As we know, the Web is a collection of interlinked
electronic items including documents, texts, images, music files, video, etc.
hosted on servers all over the world, mostly on HTTP (Hypertext Transfer
Protocol) servers (Schatz et al. 1994).
The Web lives on the Internet by a set of protocols running over the
net. Although the Web is a part of the
net, the net is much larger than the Web.
The net also hosts e-mail, FTP (file transfer protocol), peer-to-peer,
VPNs (Virtual Private Network), telephony, automated sensors, wireless
networks, and more.
In software engineering, the Web has driven
Java-enabled technologies. In turn,
large scale meta-computing such as the Grid[8]
embraces the net-centric technologies by adding more tiers on top of Java-based
systems. Java can indeed “write it
once, and run everywhere.” But without
an infrastructure of Web-tiers and net-layers, it may run all over the place
for nothing or nowhere at all. This infrastructural impact has fundamentally
influenced software life cycles[9]:
specification, design, coding, debugging, operation, and maintenance.

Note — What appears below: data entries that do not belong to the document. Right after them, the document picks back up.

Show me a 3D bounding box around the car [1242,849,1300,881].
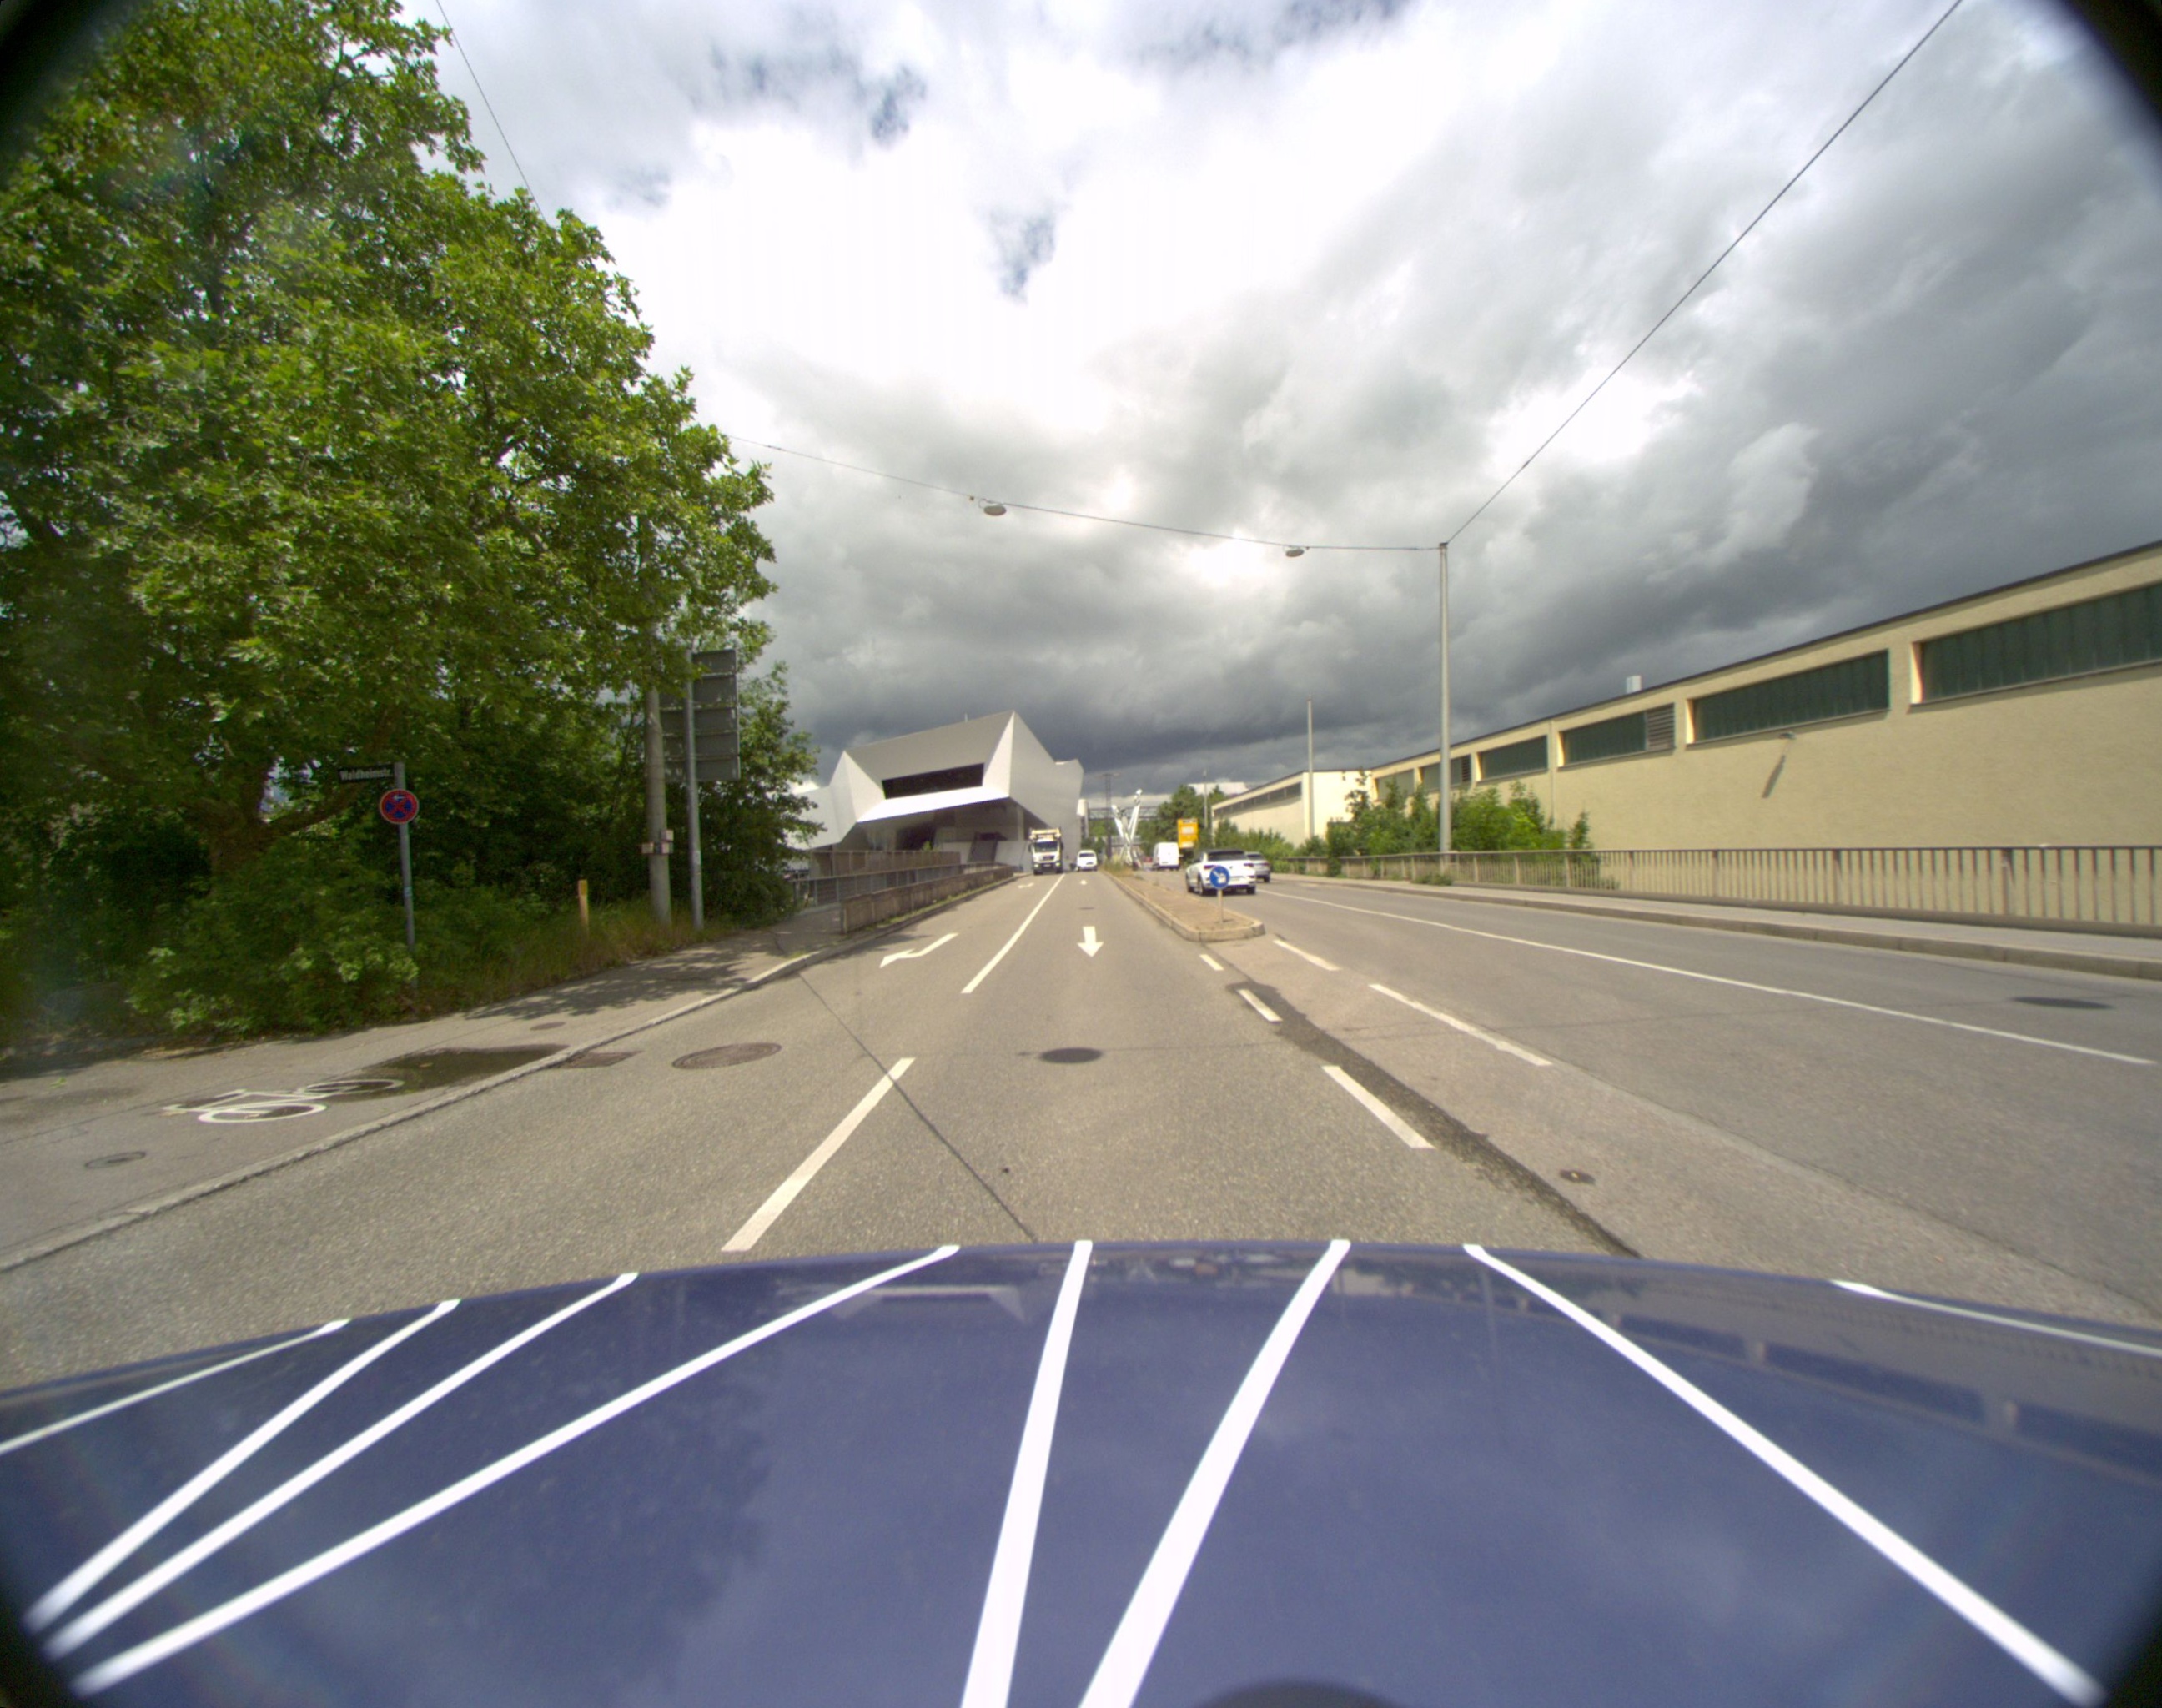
[{"bbox_3d":[8.780,0.502,35.447,1.641,1.355,4.194,-2,0,0],"label":"car"}]

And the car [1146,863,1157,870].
[{"bbox_3d":[12.536,2.171,134.836,1.758,1.268,4.001,0,-1,4],"label":"car"}]

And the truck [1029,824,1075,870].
[{"bbox_3d":[-2.423,-0.482,67.715,2.842,3.667,10.760,-2,-2,4],"label":"truck"}]

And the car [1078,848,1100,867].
[{"bbox_3d":[0.773,0.300,73.963,1.986,1.702,4.761,-2,0,1],"label":"car"}]

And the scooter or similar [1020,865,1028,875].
[{"bbox_3d":[-6.753,1.903,90.067,0.655,1.206,1.858,-1,-1,0],"label":"scooter or similar"}]

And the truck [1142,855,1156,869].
[{"bbox_3d":[17.151,2.066,191.664,2.861,2.839,9.388,-2,-4,8],"label":"truck"}]

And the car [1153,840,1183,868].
[{"bbox_3d":[8.134,0.004,71.698,2.072,2.556,6.821,-1,0,0],"label":"car"}]

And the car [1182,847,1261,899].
[{"bbox_3d":[4.691,0.574,25.887,1.815,1.551,4.207,-3,0,0],"label":"car"}]

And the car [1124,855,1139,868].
[{"bbox_3d":[7.916,1.232,120.232,1.998,1.877,4.869,-2,-1,1],"label":"car"}]

An electronic infrastructure is a set of Web-based
software components and data network elements that are inter-operated and work
together to support online events of data/information exchange. Typical infrastructural components are Web
servers, application servers, APIs (Application Programming Interfaces), protocols,
portals, repositories, databases, application-ware, middle-ware, PCs, work
stations, electronic appliances, and programming languages. On top of these layers, a digital library
infrastructure may include (Chen, op. cit. 1998):
a) systems and
components for discovering, distributing, indexing, cataloguing, storing,
retrieving, etc.,
b)
social and technical communication, and
c)
tiers of distributed software architectures that realise
these functions.
2.2 Infrastructures and Tag Contextures in ADL
ADL is a prototype geo-referenced digital library intended
primarily to serve a research audience (ADL homepage). It is a well-known system, a product of one
of the six initial digital library projects funded by NSF, DARPA, and NASA. Its collection and services focus on
geographical information: maps, images, geo-referenced data sets with text, and
other information sources with links to geographic locations. It is a large collection of geo-referenced
items that are organized and maintained in digital formats within complex
Web-based infrastructures so that an end-user can access and explore the items.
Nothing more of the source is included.